Instructions for the task: The answer must be every line of the records below that holds the word "width".

Stored items:
◆ ◆ ◆ ◆ ◆

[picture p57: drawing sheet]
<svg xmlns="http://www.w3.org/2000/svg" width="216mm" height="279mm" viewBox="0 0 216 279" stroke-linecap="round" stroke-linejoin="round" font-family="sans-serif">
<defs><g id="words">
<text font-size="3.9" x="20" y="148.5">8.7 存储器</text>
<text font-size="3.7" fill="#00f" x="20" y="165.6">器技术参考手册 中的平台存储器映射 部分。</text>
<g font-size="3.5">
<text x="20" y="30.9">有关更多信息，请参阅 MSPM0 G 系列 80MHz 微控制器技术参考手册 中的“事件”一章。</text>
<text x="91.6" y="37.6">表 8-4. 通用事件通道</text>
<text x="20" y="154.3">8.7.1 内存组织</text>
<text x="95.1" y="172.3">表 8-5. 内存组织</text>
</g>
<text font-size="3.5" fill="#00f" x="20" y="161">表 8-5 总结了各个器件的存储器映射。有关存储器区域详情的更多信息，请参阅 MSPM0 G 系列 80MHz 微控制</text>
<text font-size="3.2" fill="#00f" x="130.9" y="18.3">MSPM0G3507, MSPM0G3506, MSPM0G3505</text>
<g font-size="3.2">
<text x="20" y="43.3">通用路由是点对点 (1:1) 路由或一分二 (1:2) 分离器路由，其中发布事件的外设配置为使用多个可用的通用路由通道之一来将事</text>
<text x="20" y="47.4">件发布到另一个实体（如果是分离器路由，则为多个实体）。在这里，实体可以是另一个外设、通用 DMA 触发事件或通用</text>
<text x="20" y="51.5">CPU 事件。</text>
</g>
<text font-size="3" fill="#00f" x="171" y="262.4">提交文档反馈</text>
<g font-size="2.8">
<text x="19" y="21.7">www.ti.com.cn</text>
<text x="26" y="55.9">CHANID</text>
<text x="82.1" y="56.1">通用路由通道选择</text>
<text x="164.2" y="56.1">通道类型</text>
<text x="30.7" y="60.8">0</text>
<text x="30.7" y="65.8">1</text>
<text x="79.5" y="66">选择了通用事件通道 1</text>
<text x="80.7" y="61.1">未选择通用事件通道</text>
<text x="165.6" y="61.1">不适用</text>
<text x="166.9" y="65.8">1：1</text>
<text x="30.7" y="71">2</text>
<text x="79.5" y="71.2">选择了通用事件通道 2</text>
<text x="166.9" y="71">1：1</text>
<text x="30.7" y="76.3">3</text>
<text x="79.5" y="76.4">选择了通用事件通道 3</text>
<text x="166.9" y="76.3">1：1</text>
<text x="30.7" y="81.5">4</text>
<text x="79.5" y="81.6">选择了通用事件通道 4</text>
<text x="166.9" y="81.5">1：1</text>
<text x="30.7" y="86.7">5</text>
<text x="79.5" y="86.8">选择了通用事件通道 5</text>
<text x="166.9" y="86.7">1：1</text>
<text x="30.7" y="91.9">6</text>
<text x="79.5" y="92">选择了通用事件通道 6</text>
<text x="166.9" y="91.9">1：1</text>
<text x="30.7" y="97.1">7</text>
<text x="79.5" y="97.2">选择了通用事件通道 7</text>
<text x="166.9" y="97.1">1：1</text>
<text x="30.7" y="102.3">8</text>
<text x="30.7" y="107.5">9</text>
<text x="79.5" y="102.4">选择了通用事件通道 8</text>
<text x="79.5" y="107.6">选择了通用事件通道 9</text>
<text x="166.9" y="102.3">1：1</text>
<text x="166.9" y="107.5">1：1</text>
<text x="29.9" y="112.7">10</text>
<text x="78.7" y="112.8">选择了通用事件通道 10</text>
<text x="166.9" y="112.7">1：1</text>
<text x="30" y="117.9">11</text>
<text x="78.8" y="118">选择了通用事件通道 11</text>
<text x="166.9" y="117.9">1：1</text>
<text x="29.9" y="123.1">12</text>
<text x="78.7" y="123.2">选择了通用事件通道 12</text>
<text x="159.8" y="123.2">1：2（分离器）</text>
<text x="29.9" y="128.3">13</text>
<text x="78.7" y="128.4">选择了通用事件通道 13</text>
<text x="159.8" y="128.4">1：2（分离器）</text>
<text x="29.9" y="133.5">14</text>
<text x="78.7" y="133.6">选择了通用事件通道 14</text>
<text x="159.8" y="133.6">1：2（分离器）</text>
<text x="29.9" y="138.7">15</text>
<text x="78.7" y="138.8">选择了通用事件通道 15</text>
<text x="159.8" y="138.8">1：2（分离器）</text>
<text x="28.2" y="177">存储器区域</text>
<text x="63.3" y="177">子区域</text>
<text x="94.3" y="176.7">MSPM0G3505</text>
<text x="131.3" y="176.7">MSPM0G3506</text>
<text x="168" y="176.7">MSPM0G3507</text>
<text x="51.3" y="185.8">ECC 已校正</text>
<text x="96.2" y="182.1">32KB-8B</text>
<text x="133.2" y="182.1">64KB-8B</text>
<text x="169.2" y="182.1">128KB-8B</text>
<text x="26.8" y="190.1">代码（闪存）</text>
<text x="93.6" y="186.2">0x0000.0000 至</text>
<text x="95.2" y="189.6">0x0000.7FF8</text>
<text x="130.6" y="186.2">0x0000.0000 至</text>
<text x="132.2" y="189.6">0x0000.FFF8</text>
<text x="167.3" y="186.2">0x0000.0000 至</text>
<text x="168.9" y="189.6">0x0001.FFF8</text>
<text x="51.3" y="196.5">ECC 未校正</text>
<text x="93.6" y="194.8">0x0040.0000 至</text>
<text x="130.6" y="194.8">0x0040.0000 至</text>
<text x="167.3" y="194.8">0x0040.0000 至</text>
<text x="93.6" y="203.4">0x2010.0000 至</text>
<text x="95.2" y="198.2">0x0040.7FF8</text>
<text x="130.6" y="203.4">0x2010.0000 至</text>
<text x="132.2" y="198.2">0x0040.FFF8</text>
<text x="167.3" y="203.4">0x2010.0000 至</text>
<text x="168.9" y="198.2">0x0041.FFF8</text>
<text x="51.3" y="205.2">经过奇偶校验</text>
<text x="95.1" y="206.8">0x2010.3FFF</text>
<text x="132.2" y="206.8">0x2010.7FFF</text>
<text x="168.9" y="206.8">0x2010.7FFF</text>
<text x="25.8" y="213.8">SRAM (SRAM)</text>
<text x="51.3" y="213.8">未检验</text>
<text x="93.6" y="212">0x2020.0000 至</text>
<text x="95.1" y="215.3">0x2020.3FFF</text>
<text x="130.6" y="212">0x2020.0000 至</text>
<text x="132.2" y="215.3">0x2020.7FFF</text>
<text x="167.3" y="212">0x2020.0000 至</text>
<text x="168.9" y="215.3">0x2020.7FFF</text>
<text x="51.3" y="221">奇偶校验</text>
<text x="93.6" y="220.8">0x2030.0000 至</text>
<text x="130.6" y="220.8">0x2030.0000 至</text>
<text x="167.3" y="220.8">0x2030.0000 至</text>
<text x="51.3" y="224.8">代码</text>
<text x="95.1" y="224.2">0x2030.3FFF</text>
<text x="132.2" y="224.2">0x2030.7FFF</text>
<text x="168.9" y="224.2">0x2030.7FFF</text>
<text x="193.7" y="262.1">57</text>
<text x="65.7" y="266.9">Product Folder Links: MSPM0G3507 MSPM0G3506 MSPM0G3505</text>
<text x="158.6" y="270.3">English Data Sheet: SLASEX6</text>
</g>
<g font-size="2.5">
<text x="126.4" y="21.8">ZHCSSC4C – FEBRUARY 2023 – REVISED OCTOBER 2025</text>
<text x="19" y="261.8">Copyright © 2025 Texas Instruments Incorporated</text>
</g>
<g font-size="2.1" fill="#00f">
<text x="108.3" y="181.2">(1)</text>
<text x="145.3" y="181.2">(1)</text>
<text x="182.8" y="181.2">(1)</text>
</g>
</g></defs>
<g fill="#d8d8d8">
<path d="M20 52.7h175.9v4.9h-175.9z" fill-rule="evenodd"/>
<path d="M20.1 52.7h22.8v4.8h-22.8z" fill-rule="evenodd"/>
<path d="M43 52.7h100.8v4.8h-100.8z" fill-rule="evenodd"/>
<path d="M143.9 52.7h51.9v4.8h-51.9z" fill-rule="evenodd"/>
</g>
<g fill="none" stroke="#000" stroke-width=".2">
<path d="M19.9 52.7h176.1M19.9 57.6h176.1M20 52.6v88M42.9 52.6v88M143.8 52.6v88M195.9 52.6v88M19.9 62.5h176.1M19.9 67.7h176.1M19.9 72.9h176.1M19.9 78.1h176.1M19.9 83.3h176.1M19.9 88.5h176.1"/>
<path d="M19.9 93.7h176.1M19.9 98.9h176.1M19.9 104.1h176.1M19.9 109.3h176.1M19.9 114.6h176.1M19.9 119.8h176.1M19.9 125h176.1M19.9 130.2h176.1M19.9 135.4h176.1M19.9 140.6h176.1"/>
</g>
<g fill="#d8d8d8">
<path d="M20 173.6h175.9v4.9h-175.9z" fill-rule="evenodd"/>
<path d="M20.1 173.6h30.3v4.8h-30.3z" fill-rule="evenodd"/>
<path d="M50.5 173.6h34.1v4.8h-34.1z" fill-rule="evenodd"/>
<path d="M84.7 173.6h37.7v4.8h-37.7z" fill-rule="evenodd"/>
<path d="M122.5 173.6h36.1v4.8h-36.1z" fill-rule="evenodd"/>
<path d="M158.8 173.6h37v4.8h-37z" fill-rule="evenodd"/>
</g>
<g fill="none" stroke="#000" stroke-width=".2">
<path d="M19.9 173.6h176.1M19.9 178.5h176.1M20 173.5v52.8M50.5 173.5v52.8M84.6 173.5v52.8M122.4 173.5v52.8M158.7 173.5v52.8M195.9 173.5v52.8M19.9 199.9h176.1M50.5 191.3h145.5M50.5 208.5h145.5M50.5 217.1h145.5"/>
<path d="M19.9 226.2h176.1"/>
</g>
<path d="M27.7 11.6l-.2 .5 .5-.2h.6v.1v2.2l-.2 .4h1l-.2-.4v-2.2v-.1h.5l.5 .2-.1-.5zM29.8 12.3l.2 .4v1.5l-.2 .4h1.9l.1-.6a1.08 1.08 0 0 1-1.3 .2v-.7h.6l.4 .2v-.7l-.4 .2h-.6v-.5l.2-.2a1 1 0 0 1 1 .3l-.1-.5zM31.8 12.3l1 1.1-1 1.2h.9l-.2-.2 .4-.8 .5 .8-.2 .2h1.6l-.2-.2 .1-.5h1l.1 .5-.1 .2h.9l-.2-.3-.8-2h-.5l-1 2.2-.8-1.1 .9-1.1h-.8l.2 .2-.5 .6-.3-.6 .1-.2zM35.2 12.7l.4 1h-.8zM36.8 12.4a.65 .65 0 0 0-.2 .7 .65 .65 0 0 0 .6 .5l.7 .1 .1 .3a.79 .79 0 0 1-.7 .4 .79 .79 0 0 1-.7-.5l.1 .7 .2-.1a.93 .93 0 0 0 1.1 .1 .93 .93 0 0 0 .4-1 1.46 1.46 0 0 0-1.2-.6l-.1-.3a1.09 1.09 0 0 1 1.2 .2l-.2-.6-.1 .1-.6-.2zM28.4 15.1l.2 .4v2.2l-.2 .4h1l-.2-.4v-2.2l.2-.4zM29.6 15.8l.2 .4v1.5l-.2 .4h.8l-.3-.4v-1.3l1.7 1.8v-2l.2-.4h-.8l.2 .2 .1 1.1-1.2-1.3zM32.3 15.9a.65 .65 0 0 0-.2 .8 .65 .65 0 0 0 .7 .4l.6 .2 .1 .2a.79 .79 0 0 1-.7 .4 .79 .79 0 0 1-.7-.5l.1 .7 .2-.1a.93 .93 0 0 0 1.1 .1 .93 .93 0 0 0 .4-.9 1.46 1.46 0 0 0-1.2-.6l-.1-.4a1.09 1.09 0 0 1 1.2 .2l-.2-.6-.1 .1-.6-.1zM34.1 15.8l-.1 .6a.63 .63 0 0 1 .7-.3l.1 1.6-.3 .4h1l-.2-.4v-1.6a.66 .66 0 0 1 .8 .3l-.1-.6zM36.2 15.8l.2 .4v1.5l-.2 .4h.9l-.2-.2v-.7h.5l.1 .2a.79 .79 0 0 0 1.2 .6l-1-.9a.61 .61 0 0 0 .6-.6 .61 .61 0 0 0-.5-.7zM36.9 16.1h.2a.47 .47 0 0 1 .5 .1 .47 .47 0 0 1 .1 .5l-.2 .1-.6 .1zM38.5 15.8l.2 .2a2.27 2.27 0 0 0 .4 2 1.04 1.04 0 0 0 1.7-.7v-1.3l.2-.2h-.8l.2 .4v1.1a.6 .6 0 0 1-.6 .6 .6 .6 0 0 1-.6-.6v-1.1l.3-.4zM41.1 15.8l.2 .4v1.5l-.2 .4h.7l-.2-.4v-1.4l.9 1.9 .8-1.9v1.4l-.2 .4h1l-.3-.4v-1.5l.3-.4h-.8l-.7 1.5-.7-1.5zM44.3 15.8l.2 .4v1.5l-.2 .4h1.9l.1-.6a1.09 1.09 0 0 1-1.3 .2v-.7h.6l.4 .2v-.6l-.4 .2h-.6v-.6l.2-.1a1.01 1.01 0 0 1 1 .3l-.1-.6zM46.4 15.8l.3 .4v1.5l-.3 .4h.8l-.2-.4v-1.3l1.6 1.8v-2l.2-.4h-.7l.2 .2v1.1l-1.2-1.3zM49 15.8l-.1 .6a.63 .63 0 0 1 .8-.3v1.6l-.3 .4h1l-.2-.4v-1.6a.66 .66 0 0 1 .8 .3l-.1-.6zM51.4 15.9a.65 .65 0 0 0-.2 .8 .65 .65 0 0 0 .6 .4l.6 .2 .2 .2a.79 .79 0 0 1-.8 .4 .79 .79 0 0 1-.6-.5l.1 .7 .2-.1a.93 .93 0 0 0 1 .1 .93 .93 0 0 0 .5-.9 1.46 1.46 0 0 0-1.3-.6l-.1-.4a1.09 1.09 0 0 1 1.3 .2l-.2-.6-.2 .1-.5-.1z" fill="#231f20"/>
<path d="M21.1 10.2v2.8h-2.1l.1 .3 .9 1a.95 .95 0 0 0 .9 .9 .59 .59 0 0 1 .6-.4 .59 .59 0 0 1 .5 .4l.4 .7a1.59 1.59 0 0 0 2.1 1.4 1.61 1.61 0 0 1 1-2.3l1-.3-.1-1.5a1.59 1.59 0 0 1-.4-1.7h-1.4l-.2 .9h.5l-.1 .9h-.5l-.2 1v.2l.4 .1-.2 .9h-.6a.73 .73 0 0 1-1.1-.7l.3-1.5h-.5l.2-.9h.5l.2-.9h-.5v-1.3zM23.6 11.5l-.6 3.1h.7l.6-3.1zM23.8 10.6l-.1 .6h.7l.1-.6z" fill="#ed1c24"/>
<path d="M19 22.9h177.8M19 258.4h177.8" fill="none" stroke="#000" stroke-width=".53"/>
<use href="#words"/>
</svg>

◆ ◆ ◆ ◆ ◆

Exercise solution:
<svg xmlns="http://www.w3.org/2000/svg" width="216mm" height="279mm" viewBox="0 0 216 279" stroke-linecap="round" stroke-linejoin="round" font-family="sans-serif">
<g fill="none" stroke="#000" stroke-width=".2">
<g fill="none" stroke="#000" stroke-width=".2">
<path d="M19 22.9h177.8M19 258.4h177.8" fill="none" stroke="#000" stroke-width=".53"/>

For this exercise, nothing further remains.